Design and Analysis of the Anchoring Systems of Offshore Wind Platform

The main objective of the Wind Turbine Platforms (Wind-Tu-Pla) project is to work out the design, handling and economical aspects of offshore wind turbine platforms for use in the southern Baltic Sea, in the Polish economic zone. Poland has an old-fashioned energy production with use of significant amounts of hard coal and a low share of renewable energy compared to other EU countries.

This project is holistic. It takes up all aspects from combined environmental measurements and modelling—to find worst-case hydrological and meteorological scenarios—to the platform design, costs of construction, installation, maintenance and environmental measurements after installation.

Fig. 1: Left: Construction drawing of the Tension Leg Platform (TLP) that was selected as the most suitable. The targeted wind turbines are standard turbines of 5 or 6.15 MW.
Middle: Snapshot from CFD (Computational Fluid Dynamics) simulation of TLP platform. With CFD it is possible to obtain platform movements and forces in extreme hydrodynamic conditions.
Right: Scaled model of TLP platform in preparation at the test tank facility of the project coordinator at the Gdansk University of Technology.

Six different field measurement systems were in operation including long-term monitoring of winds (Fig. 2), currents, waves/ level, oxygen, surface currents with acoustic sensor and a surface drifter. Salinity and temperature was measured both at the bottom and in the water column.

Fig. 2: Meteorological station in Leba (Polish N coast) is placed on top a lighthouse and consists of a SmartGuard logger, a GSM modem and a Gill GMX 600 weather sensor. A similar system is installed in Gdynia it is on-line and serves also for navigation aid.

The NIVA adapted GEMSS model was calibrated with field data and run to find worst-case hydrological (8.5m waves with a 10.4s period) and meteorological (average winds of 44m/s 90m above the sea surface) scenarios to design the platforms. Statistical treatment of historical wind data demonstrates a good potential for wind power with the majority of winds from 10-16m/s in the area.

The cost calculations of construction (platforms and anchoring systems), installation and maintenance are done by the Nauta Shipyard that is located in Gdynia about 80nM (150km) from the targeted installation area.

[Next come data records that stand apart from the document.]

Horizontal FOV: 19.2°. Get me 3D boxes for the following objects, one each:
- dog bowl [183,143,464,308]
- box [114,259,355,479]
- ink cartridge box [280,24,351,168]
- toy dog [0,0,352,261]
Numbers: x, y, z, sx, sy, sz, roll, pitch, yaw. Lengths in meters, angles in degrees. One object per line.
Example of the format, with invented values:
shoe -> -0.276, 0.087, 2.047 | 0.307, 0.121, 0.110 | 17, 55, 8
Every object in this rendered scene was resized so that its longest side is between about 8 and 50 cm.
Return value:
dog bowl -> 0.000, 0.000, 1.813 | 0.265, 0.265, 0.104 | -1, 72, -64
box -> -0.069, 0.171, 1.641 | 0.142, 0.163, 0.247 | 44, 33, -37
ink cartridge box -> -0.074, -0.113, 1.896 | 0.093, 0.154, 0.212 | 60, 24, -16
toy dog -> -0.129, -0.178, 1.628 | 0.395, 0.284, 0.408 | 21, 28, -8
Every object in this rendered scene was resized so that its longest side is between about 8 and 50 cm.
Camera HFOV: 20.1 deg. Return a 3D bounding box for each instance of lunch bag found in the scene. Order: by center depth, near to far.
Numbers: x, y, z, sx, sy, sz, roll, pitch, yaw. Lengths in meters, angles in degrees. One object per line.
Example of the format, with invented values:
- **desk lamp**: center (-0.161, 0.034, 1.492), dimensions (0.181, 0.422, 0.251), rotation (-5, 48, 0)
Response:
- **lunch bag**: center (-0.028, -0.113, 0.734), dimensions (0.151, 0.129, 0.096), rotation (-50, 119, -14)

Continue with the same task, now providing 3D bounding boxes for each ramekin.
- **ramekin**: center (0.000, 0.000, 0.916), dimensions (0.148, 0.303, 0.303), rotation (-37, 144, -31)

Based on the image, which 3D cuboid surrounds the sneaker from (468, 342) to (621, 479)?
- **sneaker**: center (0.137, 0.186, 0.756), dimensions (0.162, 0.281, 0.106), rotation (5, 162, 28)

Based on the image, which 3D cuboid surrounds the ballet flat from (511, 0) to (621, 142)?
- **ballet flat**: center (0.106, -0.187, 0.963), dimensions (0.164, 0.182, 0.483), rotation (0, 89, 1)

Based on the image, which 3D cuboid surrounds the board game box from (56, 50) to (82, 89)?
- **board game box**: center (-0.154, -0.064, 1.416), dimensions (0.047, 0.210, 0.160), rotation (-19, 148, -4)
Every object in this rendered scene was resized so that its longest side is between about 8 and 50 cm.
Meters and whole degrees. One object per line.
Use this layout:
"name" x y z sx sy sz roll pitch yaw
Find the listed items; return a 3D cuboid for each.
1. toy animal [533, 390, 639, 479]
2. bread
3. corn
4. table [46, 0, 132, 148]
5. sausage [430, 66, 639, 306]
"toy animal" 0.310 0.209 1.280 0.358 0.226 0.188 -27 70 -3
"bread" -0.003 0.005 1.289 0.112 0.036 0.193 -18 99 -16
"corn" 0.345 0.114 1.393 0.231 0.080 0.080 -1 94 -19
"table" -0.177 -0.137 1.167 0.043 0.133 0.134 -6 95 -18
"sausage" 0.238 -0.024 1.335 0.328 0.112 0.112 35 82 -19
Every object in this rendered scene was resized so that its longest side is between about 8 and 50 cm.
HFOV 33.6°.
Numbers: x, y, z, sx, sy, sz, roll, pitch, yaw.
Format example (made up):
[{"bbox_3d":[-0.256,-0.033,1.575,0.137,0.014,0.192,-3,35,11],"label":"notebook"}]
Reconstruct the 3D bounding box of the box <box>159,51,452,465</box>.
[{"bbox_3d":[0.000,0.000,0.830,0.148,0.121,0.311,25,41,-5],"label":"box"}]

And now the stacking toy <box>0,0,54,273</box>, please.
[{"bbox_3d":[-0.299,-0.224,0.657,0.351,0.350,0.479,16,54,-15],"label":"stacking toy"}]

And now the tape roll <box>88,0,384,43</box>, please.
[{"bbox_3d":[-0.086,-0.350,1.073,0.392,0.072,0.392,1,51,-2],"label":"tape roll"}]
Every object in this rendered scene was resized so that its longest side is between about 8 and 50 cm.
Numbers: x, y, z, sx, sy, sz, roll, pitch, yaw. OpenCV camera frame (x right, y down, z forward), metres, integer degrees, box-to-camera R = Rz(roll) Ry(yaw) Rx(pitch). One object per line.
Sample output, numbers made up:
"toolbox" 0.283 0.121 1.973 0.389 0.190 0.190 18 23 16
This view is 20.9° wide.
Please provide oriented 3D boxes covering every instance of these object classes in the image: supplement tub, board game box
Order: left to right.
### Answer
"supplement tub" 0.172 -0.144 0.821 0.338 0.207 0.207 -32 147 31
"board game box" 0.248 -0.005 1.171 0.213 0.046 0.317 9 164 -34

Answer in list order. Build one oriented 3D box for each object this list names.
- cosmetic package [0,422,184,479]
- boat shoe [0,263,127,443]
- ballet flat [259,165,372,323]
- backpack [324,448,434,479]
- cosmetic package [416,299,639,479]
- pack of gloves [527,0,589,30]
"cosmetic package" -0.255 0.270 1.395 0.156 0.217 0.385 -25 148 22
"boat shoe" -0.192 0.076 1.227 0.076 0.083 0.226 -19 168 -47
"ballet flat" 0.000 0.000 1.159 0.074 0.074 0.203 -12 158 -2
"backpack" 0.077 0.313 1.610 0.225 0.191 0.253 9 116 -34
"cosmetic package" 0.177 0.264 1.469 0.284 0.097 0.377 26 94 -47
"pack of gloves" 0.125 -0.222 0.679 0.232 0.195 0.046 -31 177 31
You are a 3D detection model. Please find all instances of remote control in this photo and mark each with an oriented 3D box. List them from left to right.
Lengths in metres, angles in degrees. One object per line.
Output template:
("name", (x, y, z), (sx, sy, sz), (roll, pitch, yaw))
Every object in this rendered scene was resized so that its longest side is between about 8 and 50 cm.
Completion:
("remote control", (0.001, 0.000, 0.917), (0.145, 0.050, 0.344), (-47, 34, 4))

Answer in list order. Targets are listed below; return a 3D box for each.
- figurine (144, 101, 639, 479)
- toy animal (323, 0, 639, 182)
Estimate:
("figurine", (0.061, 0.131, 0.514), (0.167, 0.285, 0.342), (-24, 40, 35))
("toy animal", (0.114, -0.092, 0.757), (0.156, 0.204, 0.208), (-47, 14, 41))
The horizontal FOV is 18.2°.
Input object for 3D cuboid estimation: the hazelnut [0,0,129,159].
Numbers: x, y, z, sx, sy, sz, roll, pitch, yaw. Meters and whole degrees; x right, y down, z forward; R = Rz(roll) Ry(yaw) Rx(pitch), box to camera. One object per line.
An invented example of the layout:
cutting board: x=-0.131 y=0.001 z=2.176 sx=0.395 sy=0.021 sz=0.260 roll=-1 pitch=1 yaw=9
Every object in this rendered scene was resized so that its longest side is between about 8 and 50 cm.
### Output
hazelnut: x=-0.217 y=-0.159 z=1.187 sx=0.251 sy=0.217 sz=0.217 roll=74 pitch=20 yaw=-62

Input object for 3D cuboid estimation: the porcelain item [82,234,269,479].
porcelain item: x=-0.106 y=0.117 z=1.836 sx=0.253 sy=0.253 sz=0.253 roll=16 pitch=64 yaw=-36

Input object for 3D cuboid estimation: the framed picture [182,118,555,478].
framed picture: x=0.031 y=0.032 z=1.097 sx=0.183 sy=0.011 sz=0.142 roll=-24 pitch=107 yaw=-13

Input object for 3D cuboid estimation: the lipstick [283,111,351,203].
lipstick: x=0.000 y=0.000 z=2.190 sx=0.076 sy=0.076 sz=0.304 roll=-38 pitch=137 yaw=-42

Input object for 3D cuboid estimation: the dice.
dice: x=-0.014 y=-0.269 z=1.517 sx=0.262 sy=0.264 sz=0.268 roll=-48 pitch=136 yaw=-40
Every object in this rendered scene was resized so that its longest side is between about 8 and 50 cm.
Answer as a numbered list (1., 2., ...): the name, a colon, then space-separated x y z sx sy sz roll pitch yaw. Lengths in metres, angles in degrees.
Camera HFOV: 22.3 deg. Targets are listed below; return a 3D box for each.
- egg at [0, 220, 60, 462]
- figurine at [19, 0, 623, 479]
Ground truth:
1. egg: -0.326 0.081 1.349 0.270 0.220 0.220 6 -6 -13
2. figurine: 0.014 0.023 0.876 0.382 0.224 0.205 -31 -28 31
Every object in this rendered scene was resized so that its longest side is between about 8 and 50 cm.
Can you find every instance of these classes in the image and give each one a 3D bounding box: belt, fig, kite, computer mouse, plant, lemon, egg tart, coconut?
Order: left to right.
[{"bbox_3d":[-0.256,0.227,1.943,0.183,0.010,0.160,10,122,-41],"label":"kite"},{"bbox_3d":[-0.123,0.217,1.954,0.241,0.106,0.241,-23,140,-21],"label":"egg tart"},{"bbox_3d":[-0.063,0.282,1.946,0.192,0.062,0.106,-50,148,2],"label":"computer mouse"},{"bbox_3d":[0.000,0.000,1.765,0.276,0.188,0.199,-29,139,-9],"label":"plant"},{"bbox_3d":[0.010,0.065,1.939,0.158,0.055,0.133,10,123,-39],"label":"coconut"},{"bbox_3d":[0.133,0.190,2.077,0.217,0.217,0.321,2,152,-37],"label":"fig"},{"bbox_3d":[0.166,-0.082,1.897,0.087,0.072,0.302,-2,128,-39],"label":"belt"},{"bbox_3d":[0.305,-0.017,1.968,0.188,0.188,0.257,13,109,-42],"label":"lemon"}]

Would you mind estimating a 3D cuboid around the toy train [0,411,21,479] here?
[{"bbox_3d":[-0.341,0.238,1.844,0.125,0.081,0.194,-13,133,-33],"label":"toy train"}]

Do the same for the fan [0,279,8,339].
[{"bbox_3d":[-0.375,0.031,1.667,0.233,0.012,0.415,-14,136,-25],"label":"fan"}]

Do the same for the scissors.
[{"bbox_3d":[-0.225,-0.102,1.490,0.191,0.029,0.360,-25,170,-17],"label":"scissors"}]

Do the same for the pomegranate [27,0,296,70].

Offshore wind parks produce renewable energy and can offer protected habitats. The platforms can also serve for environmental monitoring. For the buoyant Wind-Tu-Pla platforms, deployed at 40-60m in the Baltic Sea, the system in Fig. 3 is suggested. It is designed to monitor water circulation, eutrophication, cyanobacteria blooms and pollution from ship traffic (e.g. oil). A system like this that delivers data in real time will be more efficient if it is coupled to a dynamic model, like GEMSS, that is capable of assimilating data in real time and predicting the fate of e.g. a chemical spill or a drifting belt of Cyanobacteria.

Fig. 3: Suggested environmental monitoring system on floating wind platforms based on well proven standard off-the-shelf serially produced
components. The goal is to be able to deploy sensor for at least one year in high fouling environments without need for cleaning.